I'm currently self studying Fulton Harris, unfortunately I don't really know where to check my answers, and I don't know if this logic is correct:
Notation: Let $U$, $U'$, $V$ be the trivial, alternating, standard representations of $S_3$ respectively, and $\omega = e^{2\pi i / 3}$. We already have a basis for $V$ that being $\alpha = (\omega, 1, \omega^2)$ and $\beta = (1, \omega, \omega ^2)$. We also have two transpositions $\sigma = (1 2)$ and $\tau = (1 2 3)$ which generate $S_3$, and these properties were already established:
\begin{align*} \tau \alpha =& \omega \alpha\\\\ \tau \beta =& \omega^2 \beta\\\\ \sigma \alpha =& \beta\\\\ \sigma \beta =& \alpha \end{align*}
And right before this exercise it's also established that: $$V \otimes V \cong U \oplus U' \oplus V$$ By using the basis $\\{\alpha \otimes \alpha,\alpha \otimes \beta,\beta \otimes \alpha,\beta \otimes \beta\\}$ And noticing that $\\{\alpha \otimes \alpha, \beta \otimes \beta\\}$ spans $V$ and $\alpha \otimes \beta + \beta \otimes \alpha$ spans $U$, and $\alpha \otimes \beta - \beta \otimes \alpha$ spans $U'$.
Exercise 1.11: Find a decomposition of the representations $Sym^2 V$ and $Sym^3 V$.
My answer: Since $Sym^2 V \leq V \otimes V$, the previous basis spans $Sym^2 V$, in particular since the action of $S_2$ on $\langle \alpha\otimes \alpha, \beta \otimes \beta\rangle$ is trivial so it's isomorphic to $V$. The span of $\langle \alpha \otimes \beta, \beta \otimes \alpha \rangle$ is one dimensional as $\alpha \otimes \beta = \beta \otimes \alpha$, and is thus equal to $\langle \alpha \otimes \beta + \beta \otimes \alpha\rangle = U$, so $Sym^2 V \cong U \oplus V$.

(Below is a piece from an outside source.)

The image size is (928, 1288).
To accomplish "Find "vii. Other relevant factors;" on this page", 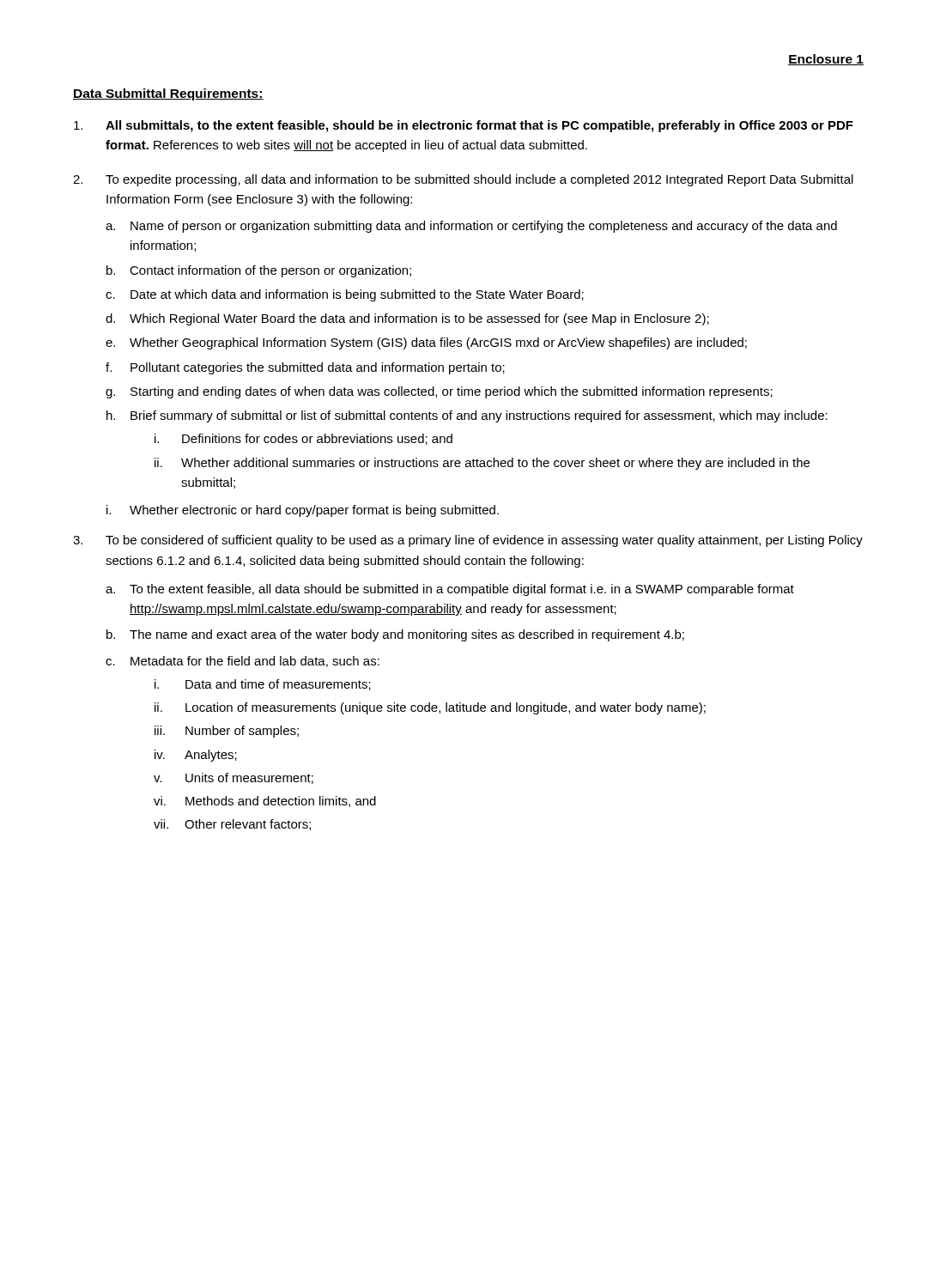I will pyautogui.click(x=232, y=825).

On $Sym^3 V$ we have a spanning set: $\\{\alpha \otimes \alpha \otimes \alpha,\alpha \otimes \alpha \otimes \beta, \alpha \otimes \beta \otimes \beta, \beta\otimes \beta \otimes \beta \\}$, we notice that by setting $v = \alpha \otimes \alpha \otimes \alpha$, we have $\sigma(v) = \beta \otimes \beta \otimes \beta$. And that both $v$ and $\sigma(v)$ are eigenvectors of $\tau$ with eigenvalue 1, and that $\langle \sigma(v) + v\rangle \cong U$ and $\langle \sigma(v) - v \rangle \cong U'$. By setting $w = \alpha \otimes \alpha \otimes \beta$, then $\sigma(w) = \alpha \otimes \beta \otimes \beta$, and $\tau(w) = \omega w$ and $\tau(\sigma(w)) = \omega^2 \sigma(w)$, and $\langle \sigma(v), v \rangle \cong V$, and therefore $Sym^3 V \cong U \oplus U' \oplus V$.
I'd be very grateful if anyone could check if this is correct, as this is my first exposure to symmetric powers.